= Beginning of Section =

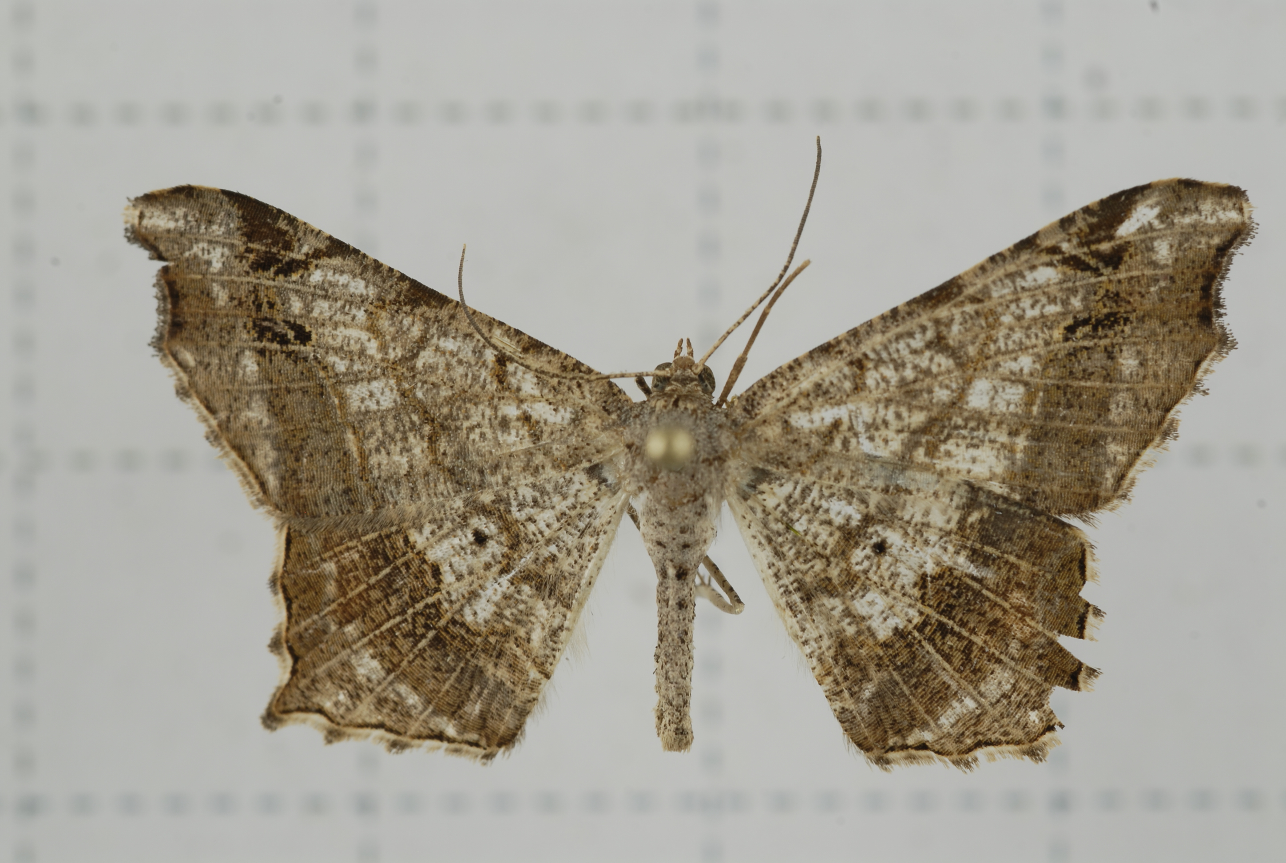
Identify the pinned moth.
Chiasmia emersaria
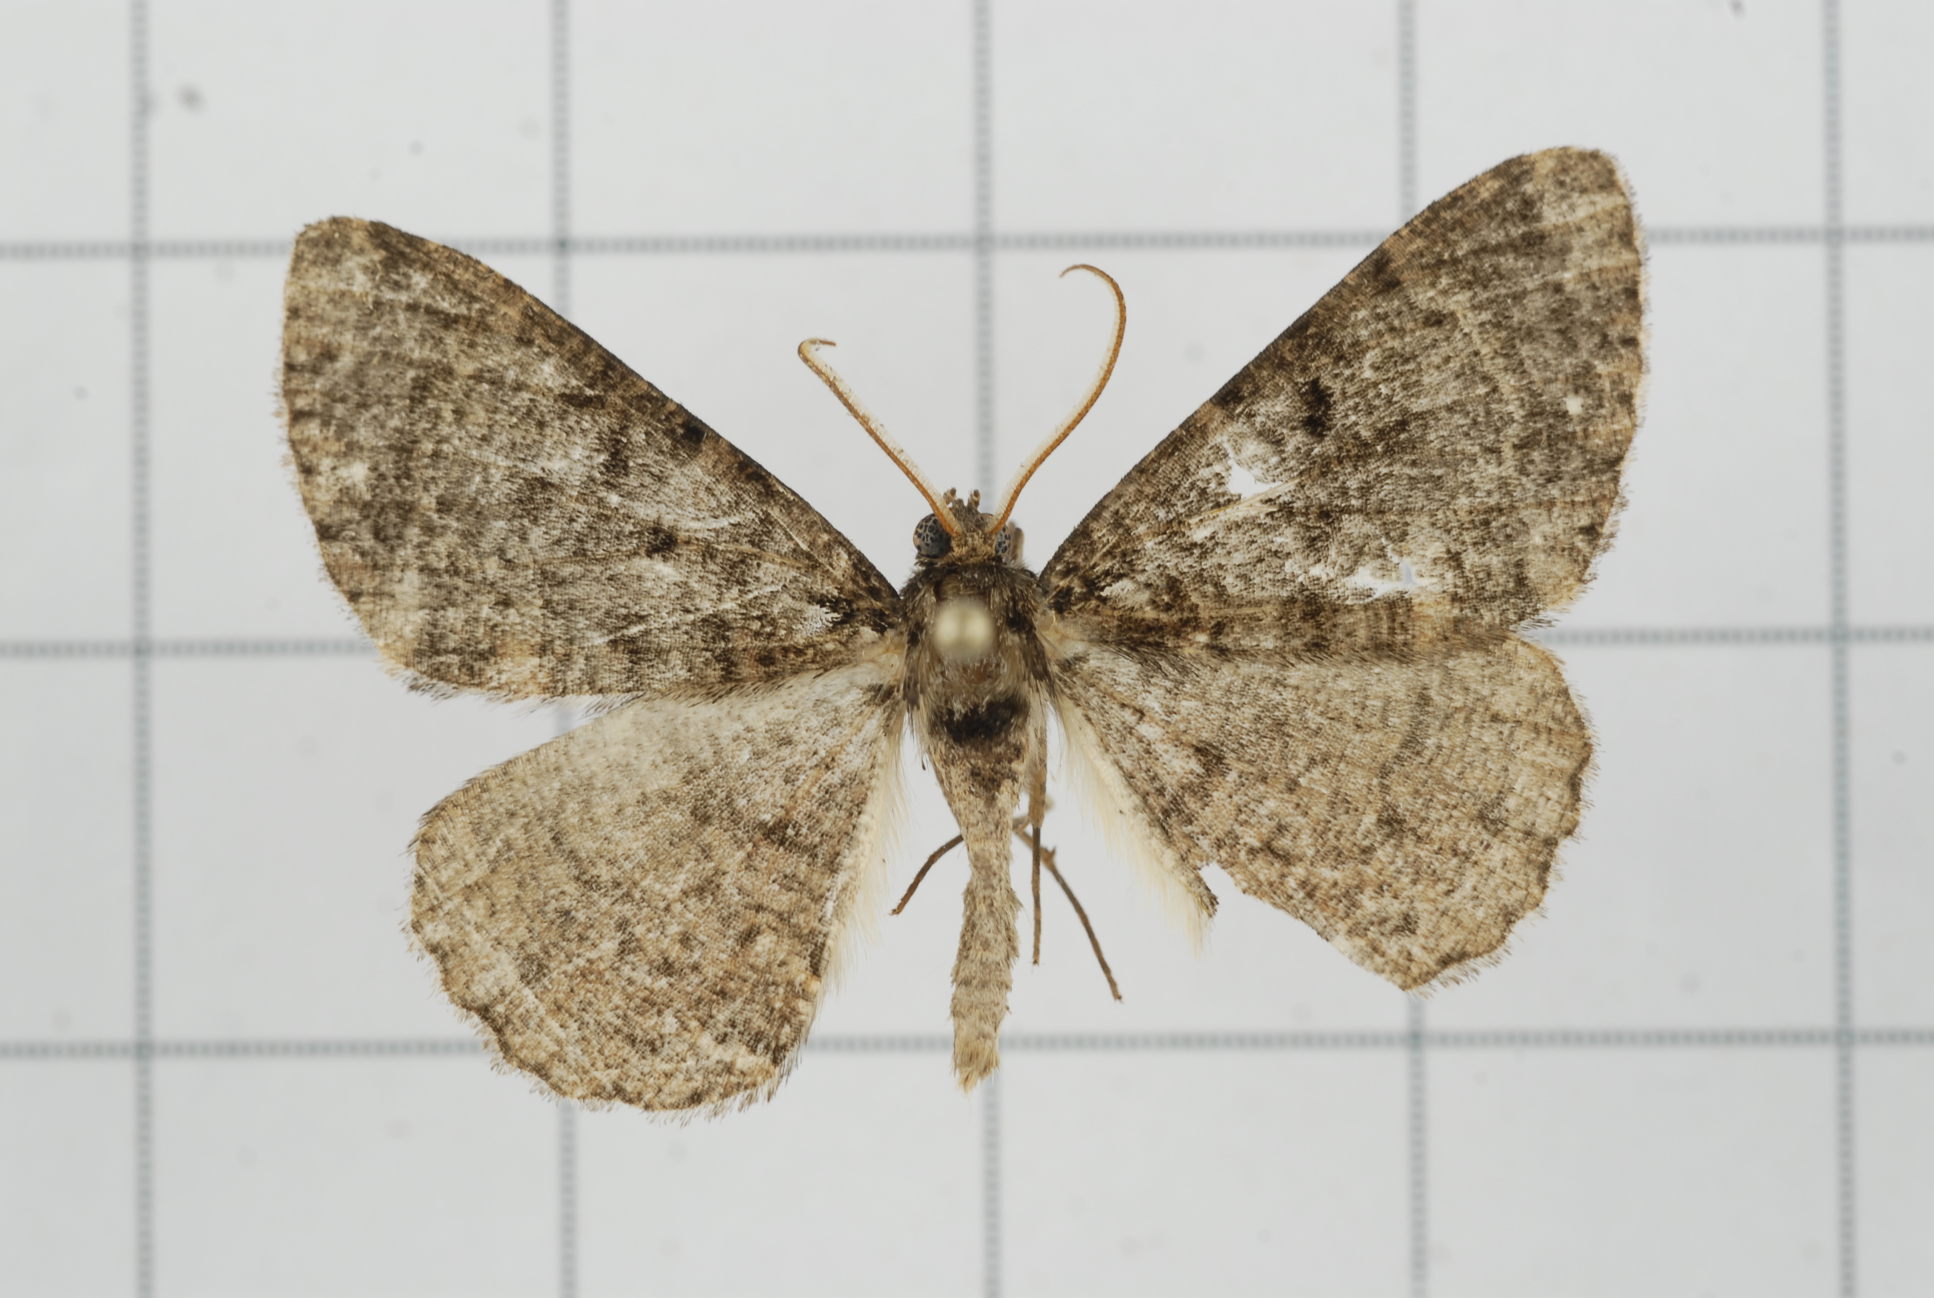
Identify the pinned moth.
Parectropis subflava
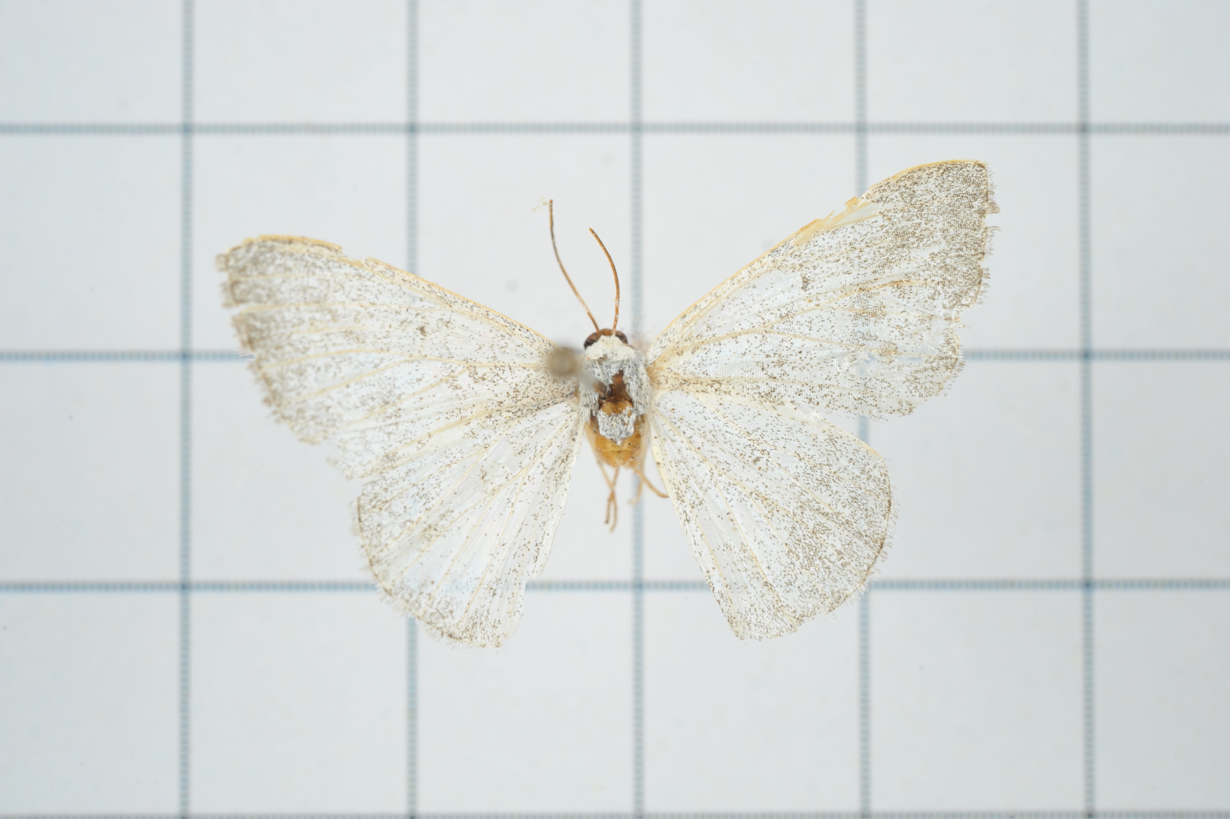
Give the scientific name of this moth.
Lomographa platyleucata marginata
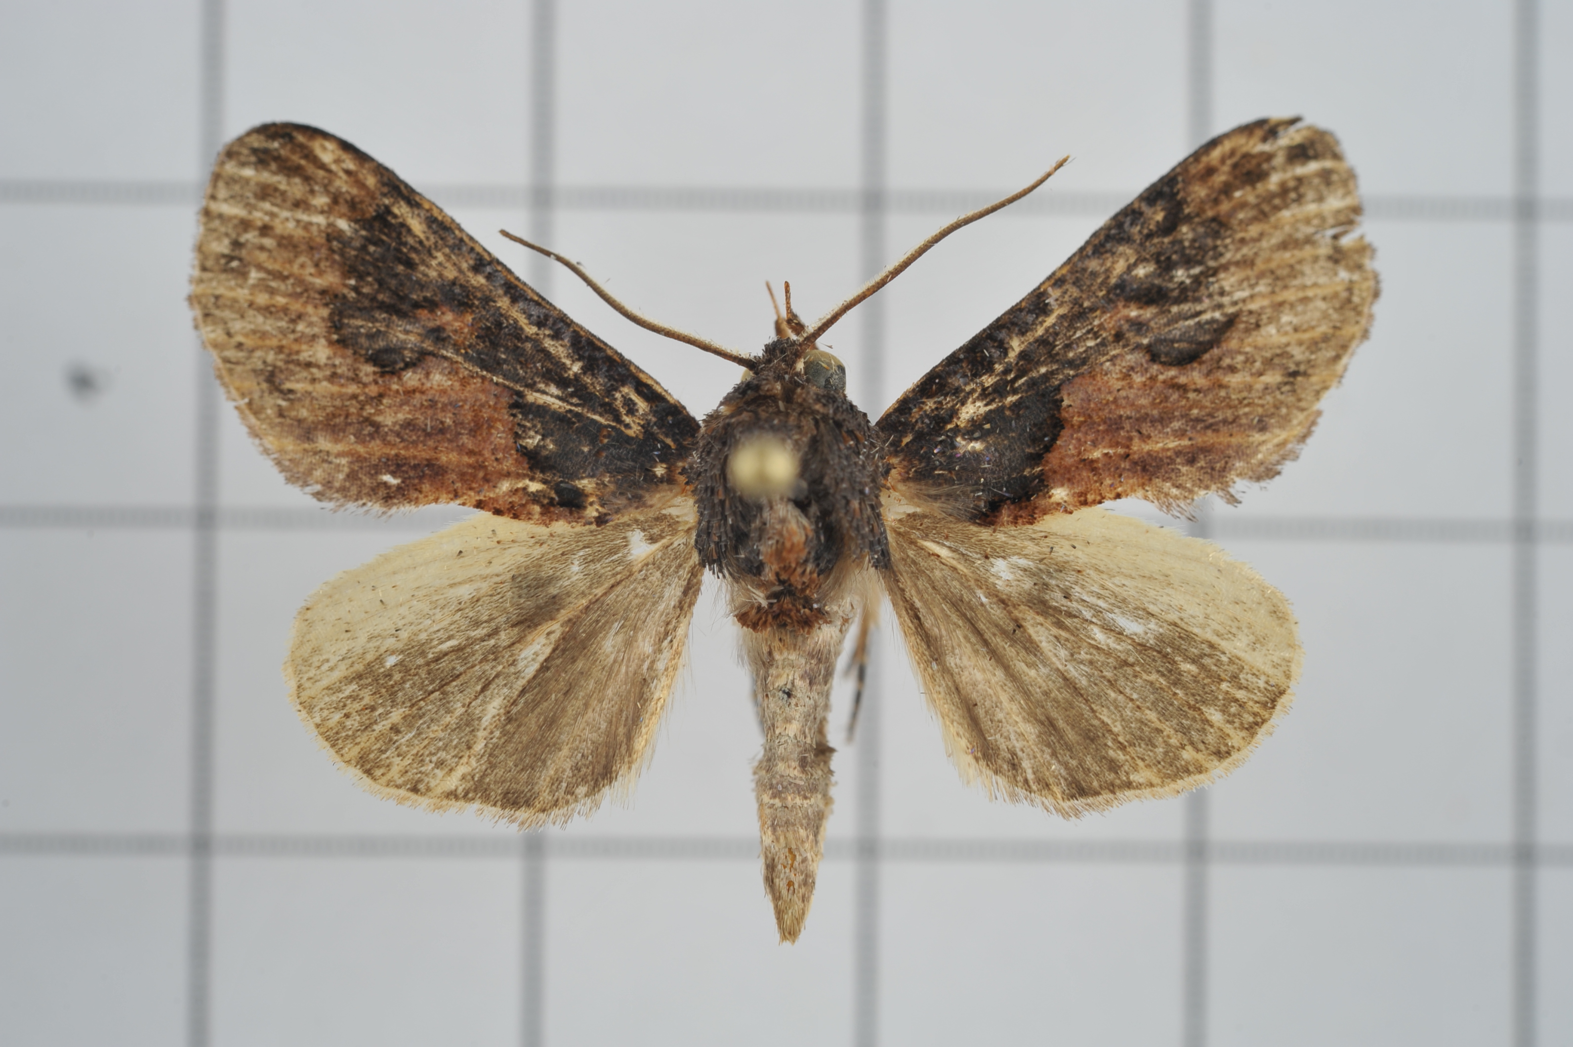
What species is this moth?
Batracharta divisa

= End of Section =

_Brief_. Restate the data word for word and exclude every picture.

_Your response_.
Identify the pinned moth.
Chiasmia emersaria
Identify the pinned moth.
Parectropis subflava
Give the scientific name of this moth.
Lomographa platyleucata marginata
What species is this moth?
Batracharta divisa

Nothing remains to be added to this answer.